Introduction

Reconnoiter is a monitoring and trend analysis system designed to cope with large architectures (thousands of machines and hundreds of thousands of metrics).

Heavy focus is placed on decoupling the various components of the system to allow for disjoint evolution of each component as issues arise or new requirements are identified. Resource monitoring, metric aggregation, metric analysis and visualization are all cleanly separated.

The monitor, noitd, is written in C and designed to support highly concurrent and rapid checks with an expected capability of monitoring 100,000 services per minute (6 million checks per hour.) While it is hard to make writing checks "easy" in this high-performance environment, efforts have been made to ensure that custom check scripting does not require the expertise of writing highly-concurrent, event-driven C code. Instead, glue is provided via scripting languages such as Lua that attempt to handle aspects of this high-concurrency environment transparently.
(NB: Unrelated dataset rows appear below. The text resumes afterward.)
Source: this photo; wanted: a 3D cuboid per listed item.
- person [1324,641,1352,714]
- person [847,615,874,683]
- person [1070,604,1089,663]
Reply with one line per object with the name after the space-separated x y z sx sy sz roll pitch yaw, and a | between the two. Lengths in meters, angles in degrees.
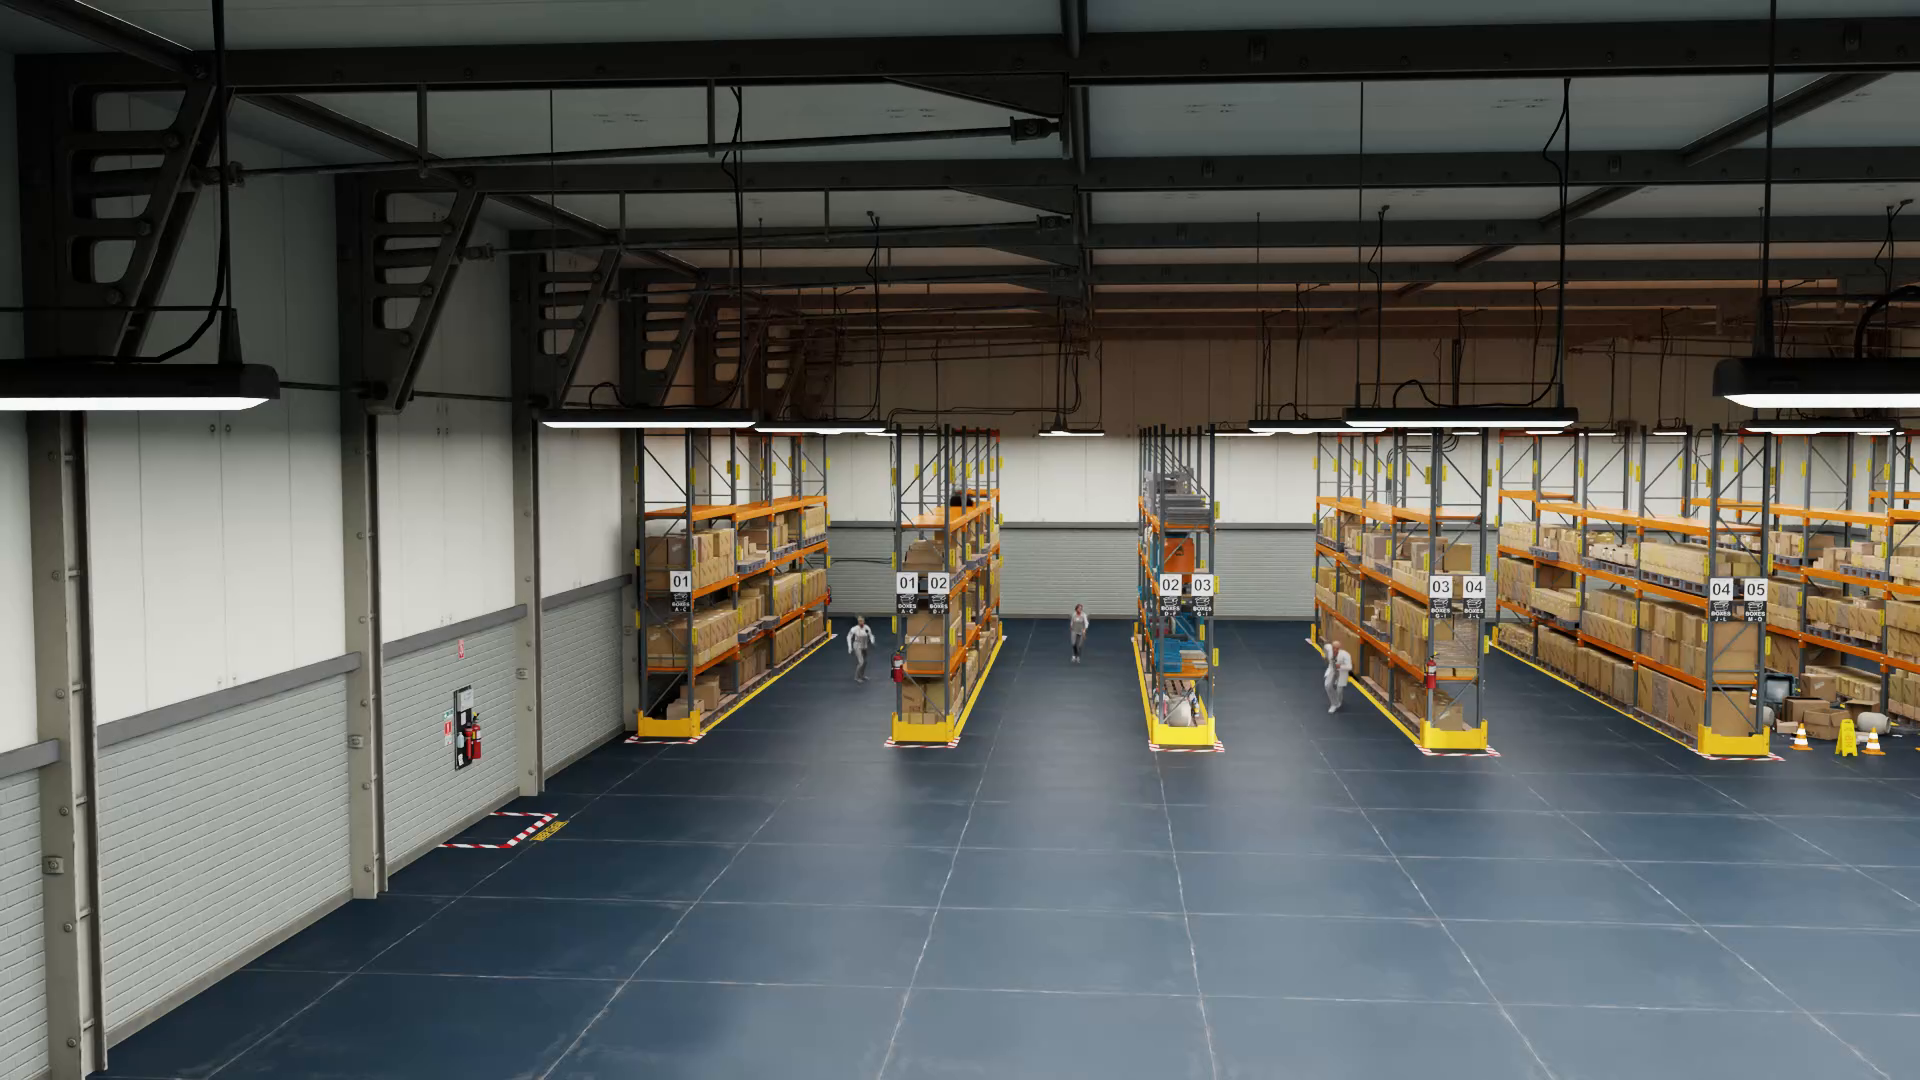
7.921 2.842 34.868 0.675 1.558 1.240 2 4 25 | person
-2.286 2.571 39.109 0.605 1.643 0.777 -3 4 -39 | person
3.015 2.430 42.165 0.519 1.436 0.759 1 4 9 | person
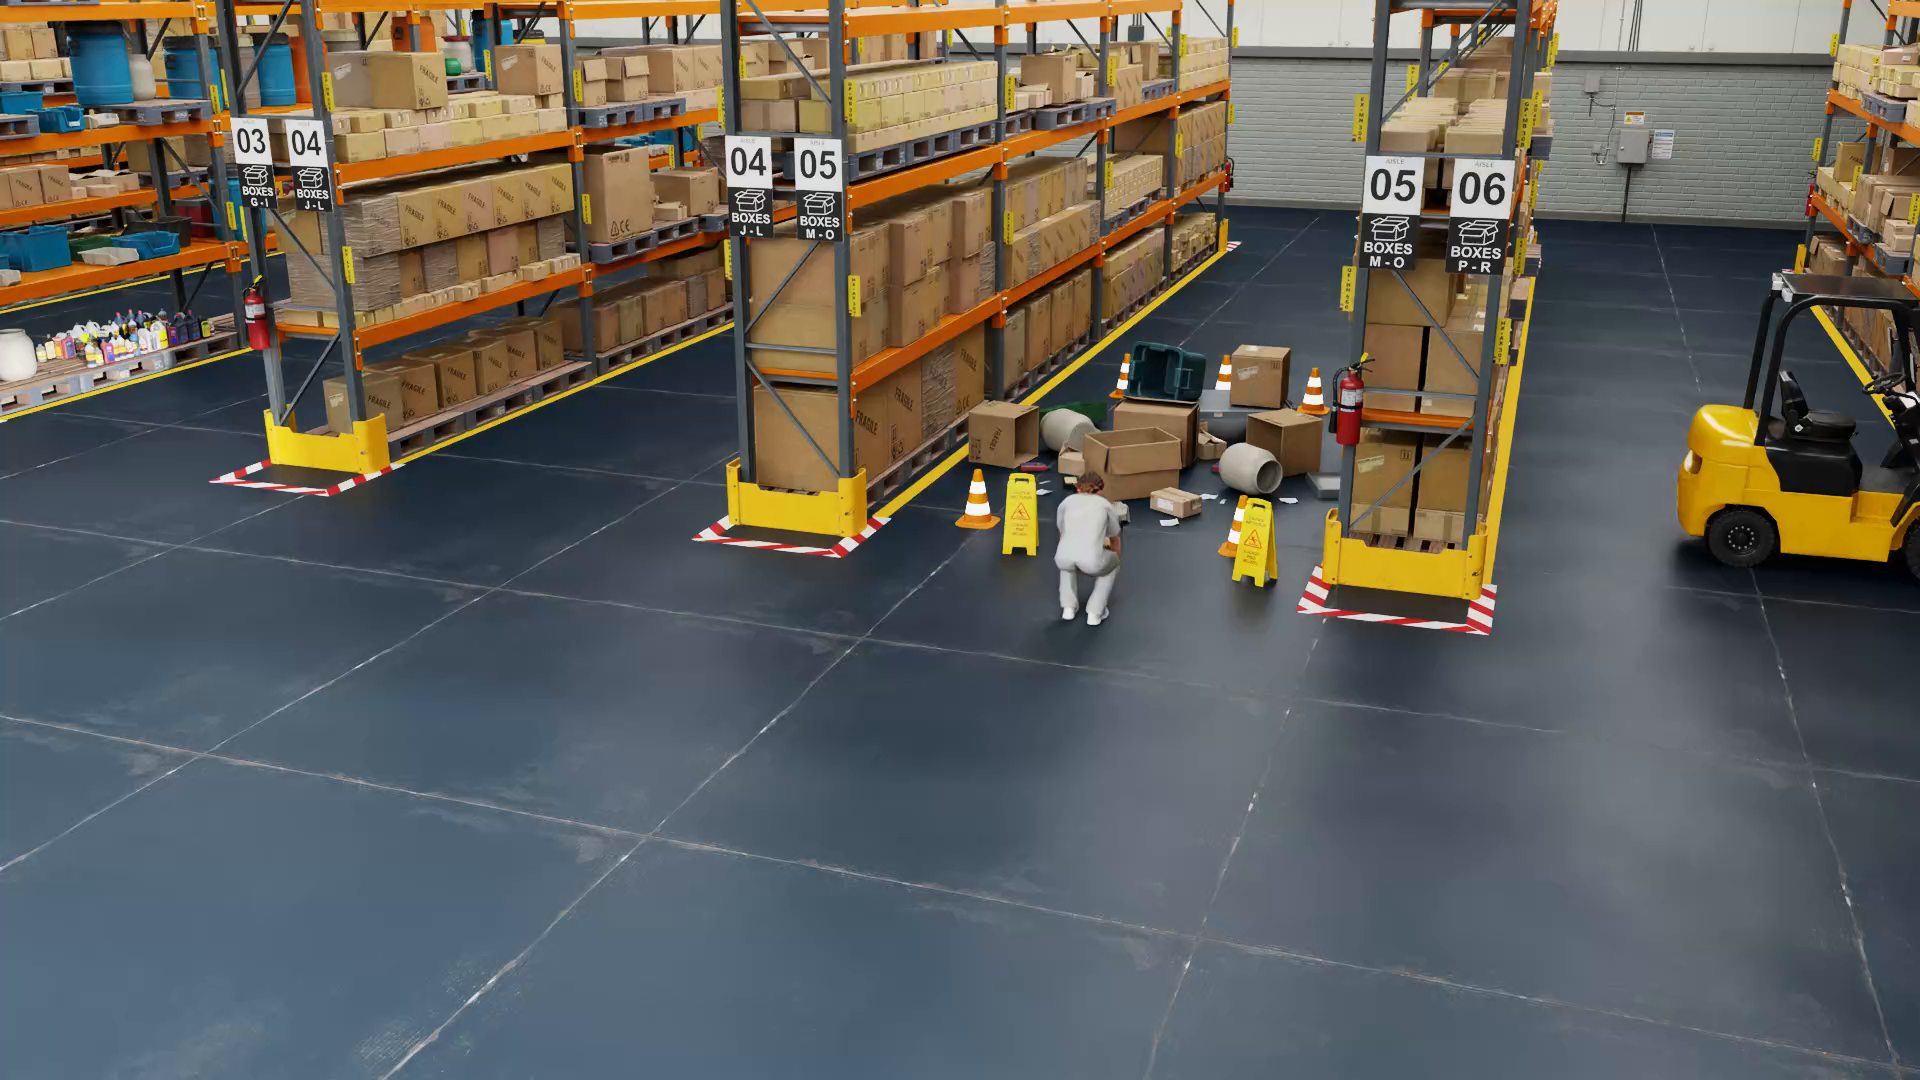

As with any high-performance system, you can easily introduce non-performant code and jeopardize performance system-wide.

The aggregator, stratcond, is also written in C and responsible for the simple task of securely gathering data from all of the distributed noitd instances and transforming them into the data storage facility (currently PostgreSQL).

The data storage facility (PostgreSQL) holds all information about individual checks, their statuses and the individual metrics associated with them. Automatic processes are in place that summarize the numeric metrics into windowed averages for expedient graphing at a variety of time window resolutions (hour, day, month, year, etc.).

The visualization interface (reconnoiter) draws from the data store to visualize collected metrics and assist with monitoring, trending and other visual analyses. The visualization system is written in PHP.